Wes Butler, who made the announcements in Dallas today, invited Jason… Right then he came downstairs and said, "Jason, let's go sit." They had a cup of coffee. Jason told me Wes asked him one or two questions, and about an hour and a half later, when Jason told his story about anxiety and depression and abuse, Wes started to talk to him about what it meant to walk with Jesus and shared his story. A little bit later, Wes said, "Come with me on Monday night to re:gen, and then come with me Sunday morning to Watermark," and he did.

He finished re:gen. He jumped into Watermark. He made a profession of faith. He got involved with a Community Group of guys. He wanted to begin to learn more, so he applied for our Residency program. We said, "Jason, we love you, bro. You're just not ready to be able to serve in that particular way, but I'll tell you what you can do. We can equip you some more. Come and do life with us." He went through Equipped Disciple 1, 2, and 3.

He began to go to an Unashamed weekend where he could learn to share his faith, and he dove into our community.
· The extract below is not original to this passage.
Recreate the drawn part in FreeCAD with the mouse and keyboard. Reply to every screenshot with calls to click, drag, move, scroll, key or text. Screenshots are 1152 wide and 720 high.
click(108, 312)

He got associated with Brother Bill's, one of our partners. He took his son Becker and said, "Becker, here's what I'm learning at DadU. Here's what I'm learning at the single parent ministry here." He asked Becker's forgiveness. He went back to the girl he had fathered Becker with and told her why their relationship was so dysfunctional and began to restore a relationship with her.

He was a natural evangelist, because everybody who knew him said, "Bro, what happened to your life?" His whole family is being discipled because they're watching Jason's life radically change. I just got away with my staff for three days this week. I didn't even know Jason was hired on our staff. He was hired because he has been working in our tech art as a volunteer, and we needed some help there. He was just the guy who was there in love with Jesus, faithfully doing the work, and we said, "Jason, will you dive in with us?"
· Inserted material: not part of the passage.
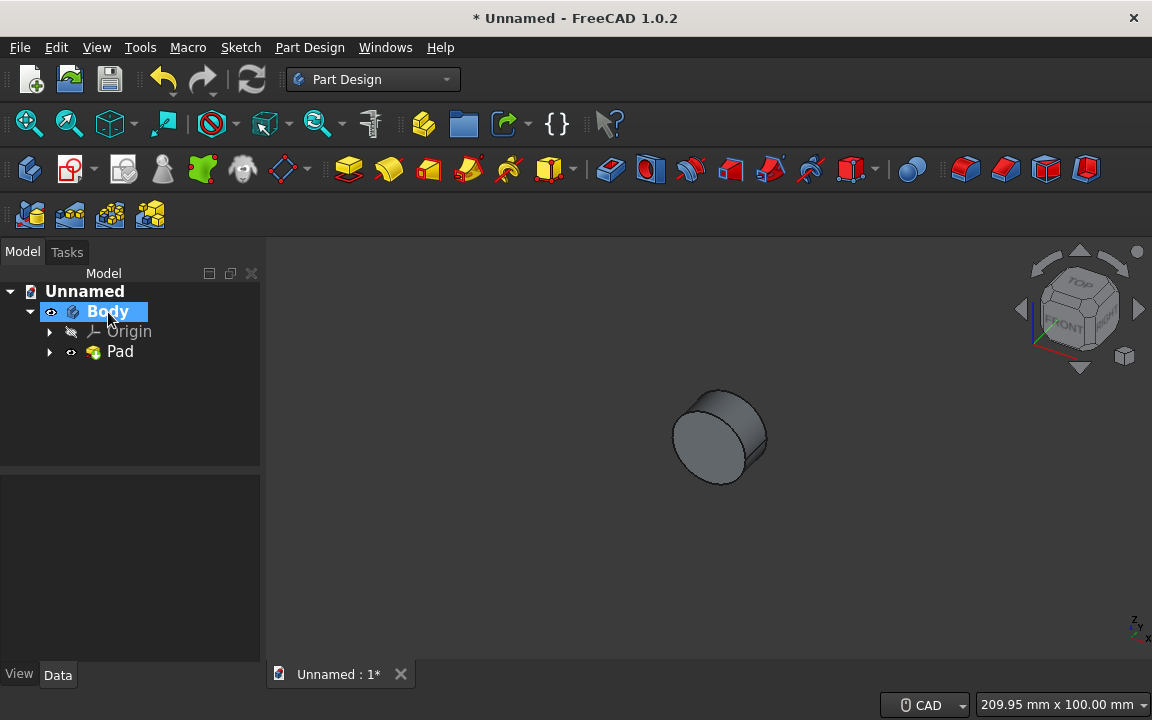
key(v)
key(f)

We have stories everywhere, because Jesus is still alive and still doing the things he did when he was alive, just like he said he did. "What do you mean, 'greater works,' Todd?" Let me explain greater works to you one more time. Right before John 14:12 when he said, "Greater works than these will you do," he uses the same word works in 14:11. This is what Jesus says: "Believe Me that I am in the Father and the Father is in Me…"

What he's trying to say is, "I'm God. I'm right here in your midst. Believe me." A lot of people didn't believe him, so he said, "Okay. If you don't believe me, believe the signs." John uses the word signs very specifically in the book of John. It's the word for miracles or power or works of wonder. He uses the word signs because John wants you to know why Jesus did miracles. Interesting. When Jesus did miracles, there was not a single miracle he did that was anything other than delivering people from situational evil.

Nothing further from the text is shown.